Most parents are aware of the national Back To Sleep message, but many parents still place infants in unsafe sleep settings
ANN ARBOR, Mich. – The nearly two-decades long national "back to sleep" campaign that promotes infant safe sleep is credited with reducing the rate of sudden infant death syndrome in the United States.
However, the rate of sudden unexpected infant deaths (SUIDs) due to unsafe sleep habits has continued to climb. SUIDs currently accounts for 12 infant deaths per day in the United States.
In May 2011, the University of Michigan’s C.S. Mott Children’s Hospital National Poll on Children’s Health asked parents of children up to 3 years old about the sleep settings and positions for their children during infancy and their beliefs about safe sleep positions for infants.
The study found that 89 percent of parents believe that placing an infant on his back in a crib is a safe sleep position. That’s the recommended position. However, 40 percent of parents believe that it is safe for an infant to sleep in the same bed as another person, which is not recommended. A similar proportion of parents – 40 percent - report that they “often” or “sometimes” have fallen asleep with their infants.
“The recent rise in SUIDs led us to ask parents about their beliefs and practices, including habits such as falling asleep with infants and sharing the same bed,” says Lisa Markman, M.D., Assistant Professor and Associate Director of the Child Protection Team at the University of Michigan C.S. Mott Children’s Hospital. “Our results indicate that large subgroups of parents are placing infants in sleep positions that put them at risk for suffocation or smothering.”
“The safe sleep message is especially important during the upcoming holiday season because of the potential for travel,” says Bethany Mohr, M.D., Assistant Professor and Medical Director of the Child Protection Team at the University of Michigan C.S. Mott Children’s Hospital. “Caregivers need to be aware that babies must always sleep in a safe setting. Travel to relatives’ homes and hotels opens up the potential for babies to sleep in unsafe settings and increases the risk of death due to unsafe sleep.”
The fact that so many parents are aware of the "back to sleep" message is a reassuring sign, Markman says.

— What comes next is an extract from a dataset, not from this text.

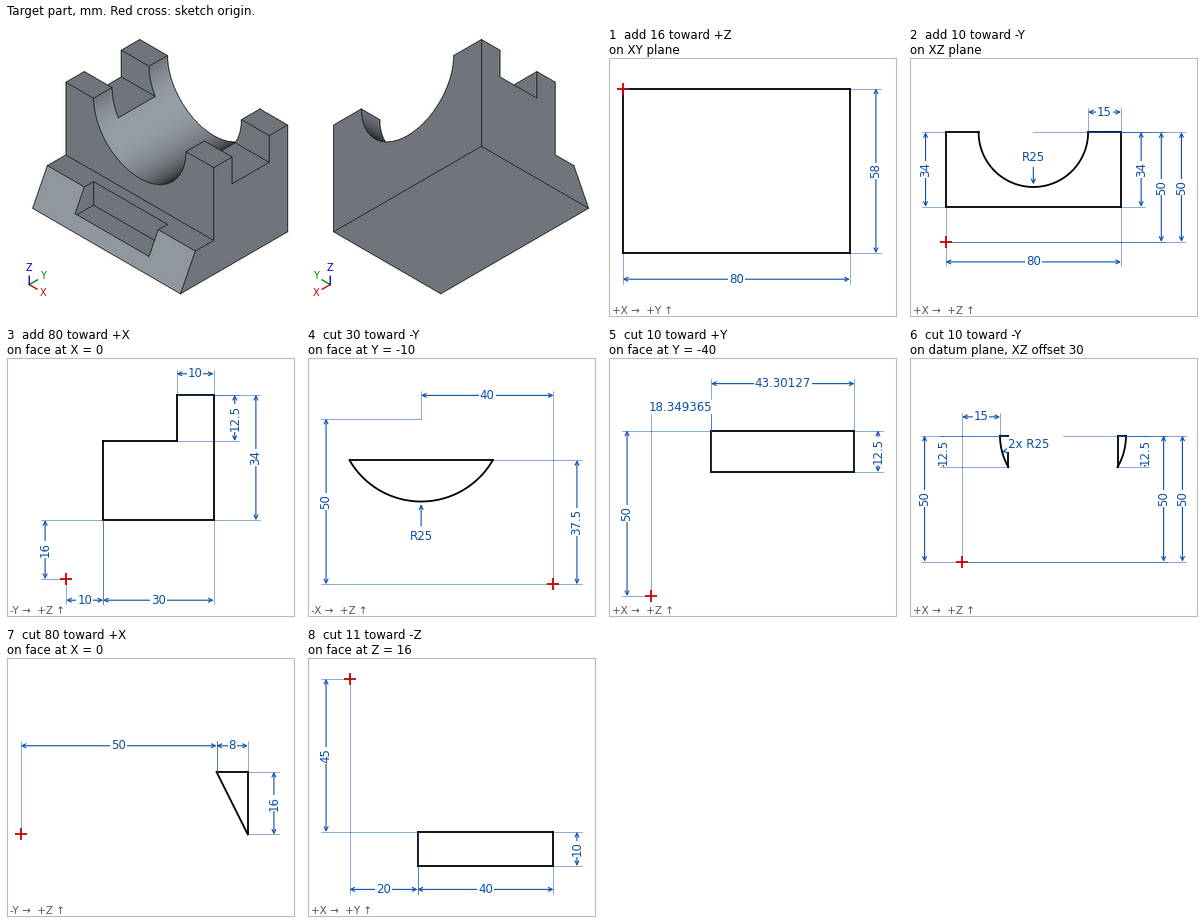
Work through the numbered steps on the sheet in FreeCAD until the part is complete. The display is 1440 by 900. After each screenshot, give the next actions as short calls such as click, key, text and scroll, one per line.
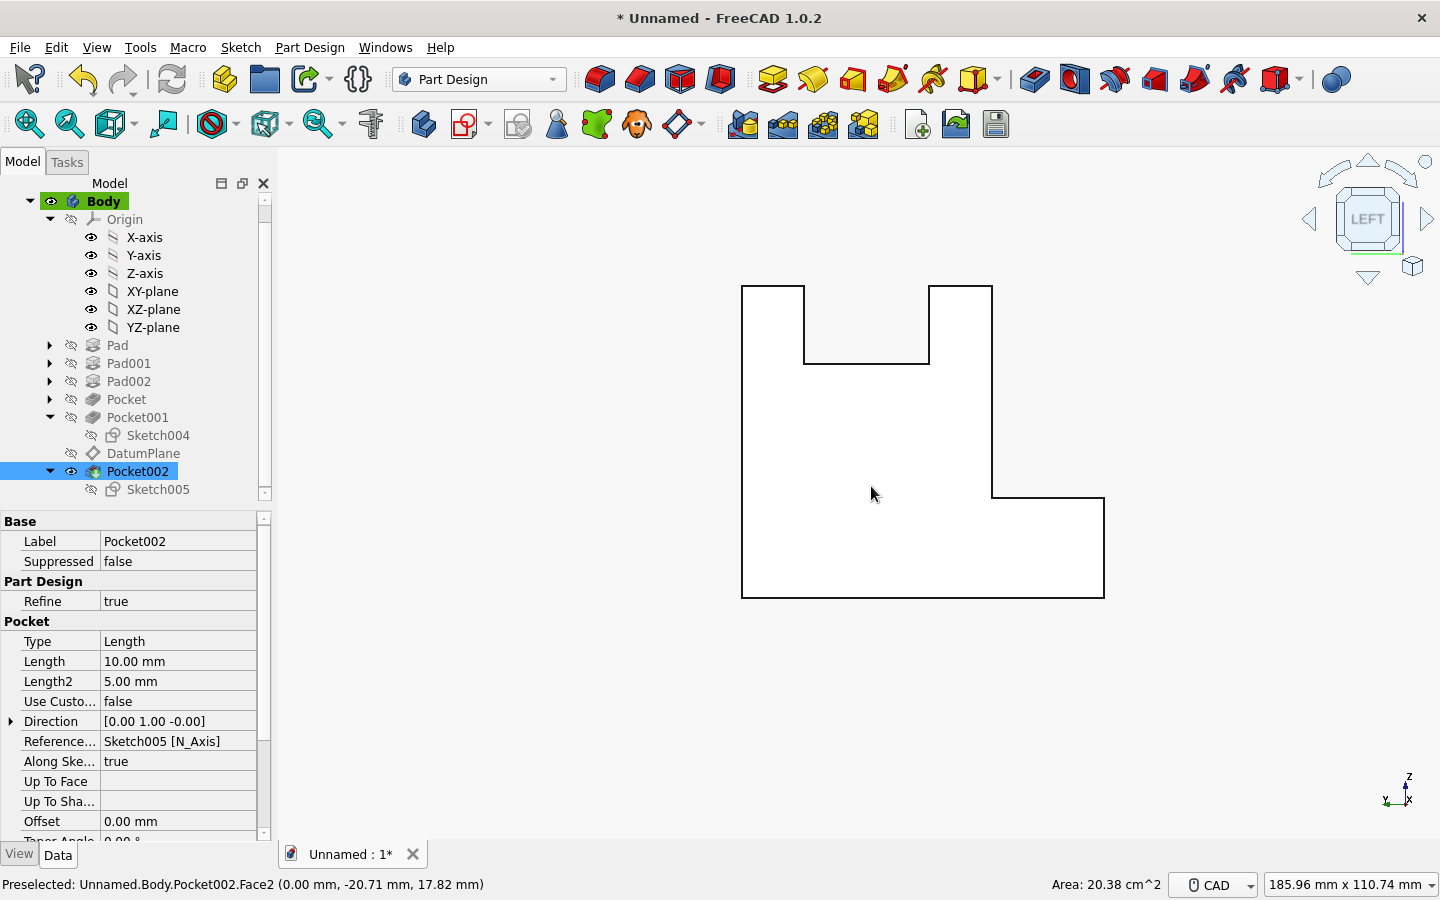
click(464, 124)

“The success of the ‘back to sleep’ message is definitely encouraging,” Markman says. “We know that it is possible to get out messages about safe sleep on a national level. However, 'back to sleep' is not the full message that health care providers must communicate to parents. Parents need to know that sharing the same sleep space and putting soft toys and blankets in cribs also puts infants at risk for suffocation.”
Tips for parents and other family members about infant sleep safety:
- Babies should always sleep in their own space, in a crib or bassinette with a firm mattress and tight fitting sheet.
- There should be nothing in a baby’s sleep space, other than the baby with a thin blanket or sleep sack.
- Caregivers should not fall asleep while holding their babies.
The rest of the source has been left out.